NVIDIA Dynamo vs Triton Inference Server: what changed for agent inference
NVIDIA released Dynamo — an open-source inference framework created specifically for LLMs, reasoning models, and agentic systems. Unlike Triton Inference…
AI-processed from Habr AI; edited by Hamidun News
NVIDIA released Dynamo — an open-source inference framework specifically designed for LLMs, reasoning models, and agentic systems. This is the company's response to the fundamental shift in load patterns brought about by AI agents in 2025–2026.
Why Triton no longer handles agents well
Triton Inference Server became the industry standard for inference across a wide variety of models — from computer vision to large language models. However, its architecture was built for a classical scenario: one request, one response, a fixed sequence of steps.
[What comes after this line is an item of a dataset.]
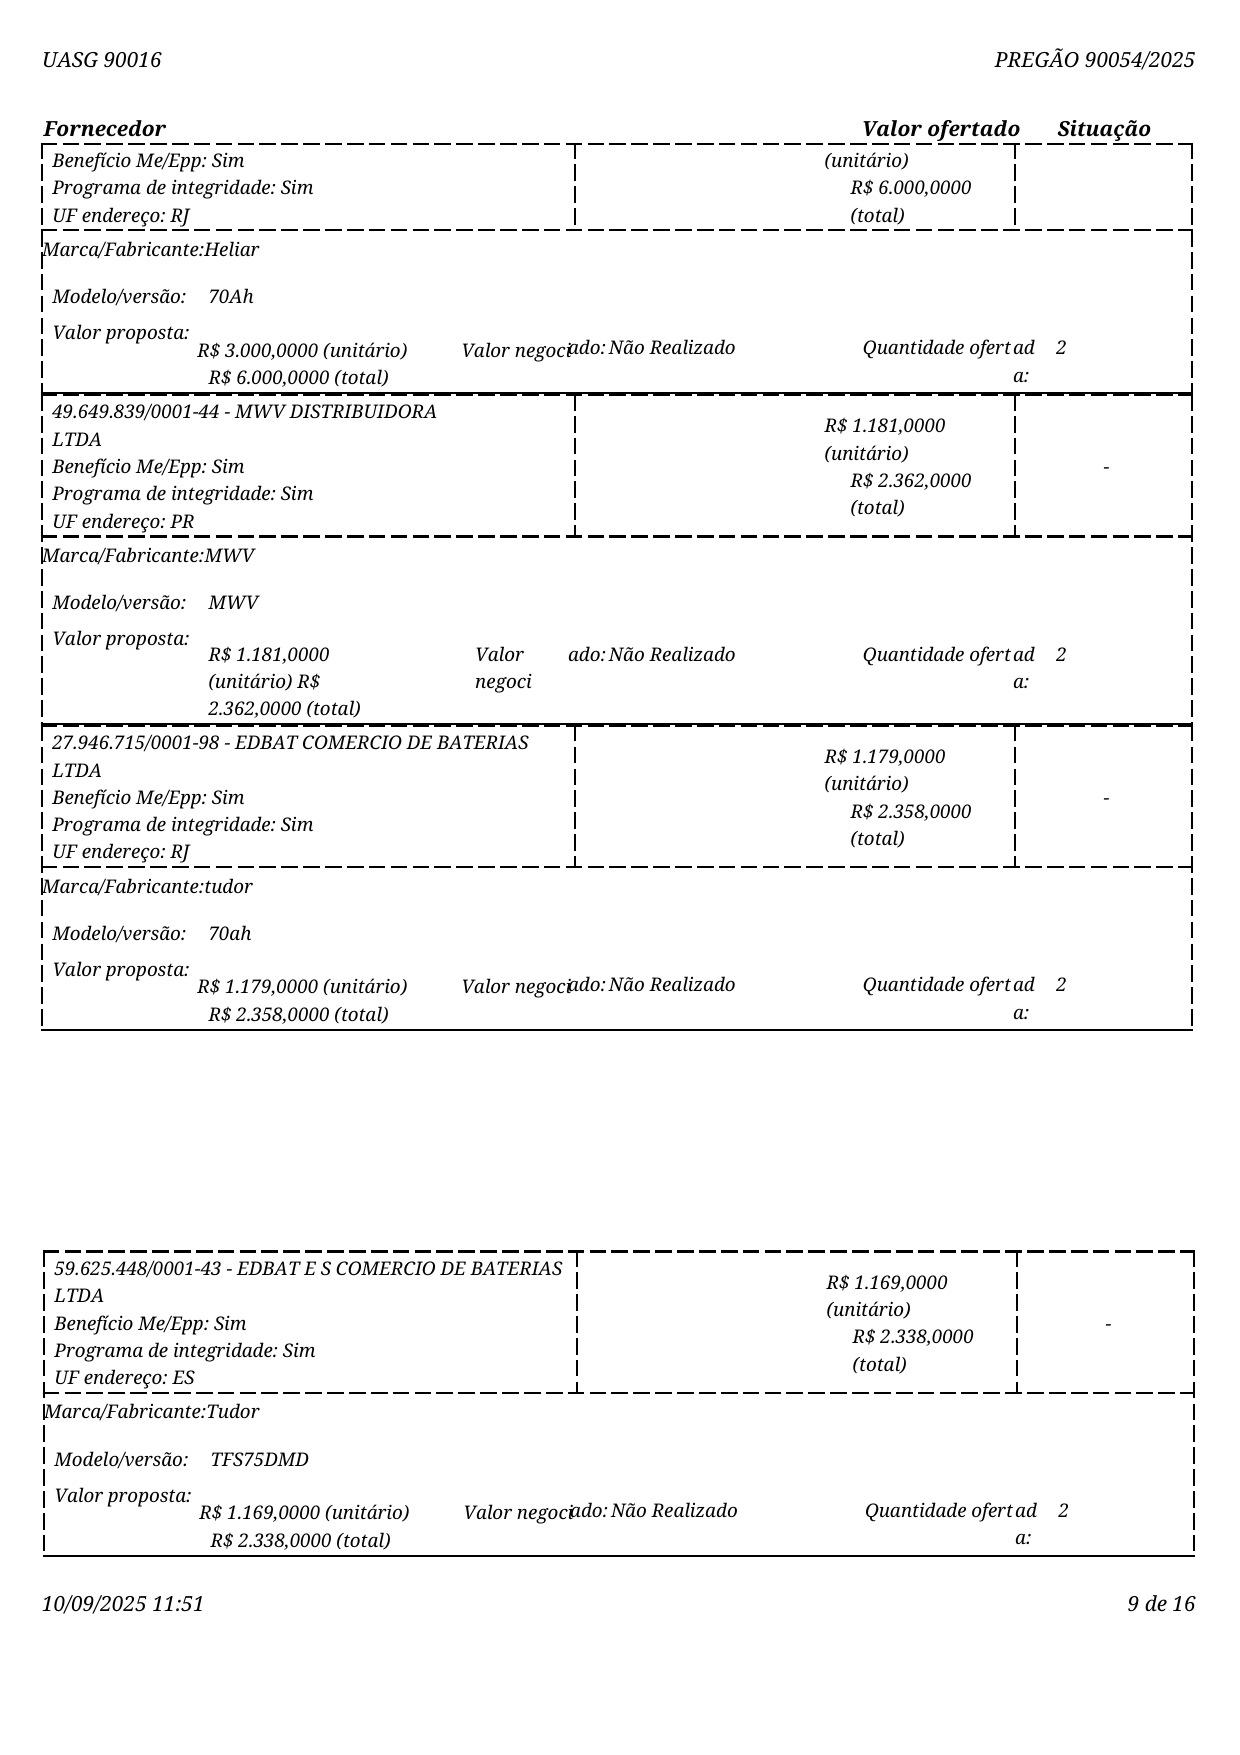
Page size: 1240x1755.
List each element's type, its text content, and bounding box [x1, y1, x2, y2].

Modern agentic systems are fundamentally different. Within a single task, they execute numerous sequential and parallel calls to models and tools. An agent can call a model dozens of times in seconds, switching between planning, execution, and result verification. Triton was not designed for this: its optimizations target single requests with predictable load patterns.
What NVIDIA Dynamo can do
Dynamo was designed from the ground up for agentic inference requirements. The key innovation is KV-cache routing: the framework tracks the distribution of KV blocks across GPU nodes and directs incoming requests to nodes where the required cache already exists. This eliminates redundant computations when working with shared prefixes — system prompts, conversation history, baseline task context.
The fundamental difference in approach:
- Triton: load balancing based on computational power of nodes
- Dynamo: load balancing based on KV-cache state considering request context
- Support for LLMs, reasoning models, and agentic pipelines
- Open-source code, available for self-hosted deployment
For agentic pipelines where a single system prompt is used across hundreds of parallel calls, this provides tangible gains in latency and compute cost.
How this changes agentic system design
Practical analysis shows: Dynamo changes not only performance, but also architectural decisions when designing agentic systems. If previously the inference layer was effectively transparent — took a request, returned an answer — now it becomes an active participant in orchestration.
This is especially important for systems where agents work in parallel: proper routing allows grouping requests with similar context onto the same nodes, transforming KV-cache from a passive buffer into a tool for optimizing the entire pipeline.
For teams already running Triton in production, the transition is non-trivial: Dynamo offers a different deployment model and different node management logic. However, for new projects where agentic scenarios are built from the ground up, the framework becomes the logical choice.
What this means
The emergence of NVIDIA Dynamo marks an important shift: inference infrastructure can no longer be optimized solely for single requests. Agentic systems require frameworks that are aware of cache state and patterns of parallel calls — and Dynamo became one of the first open-source answers to this demand.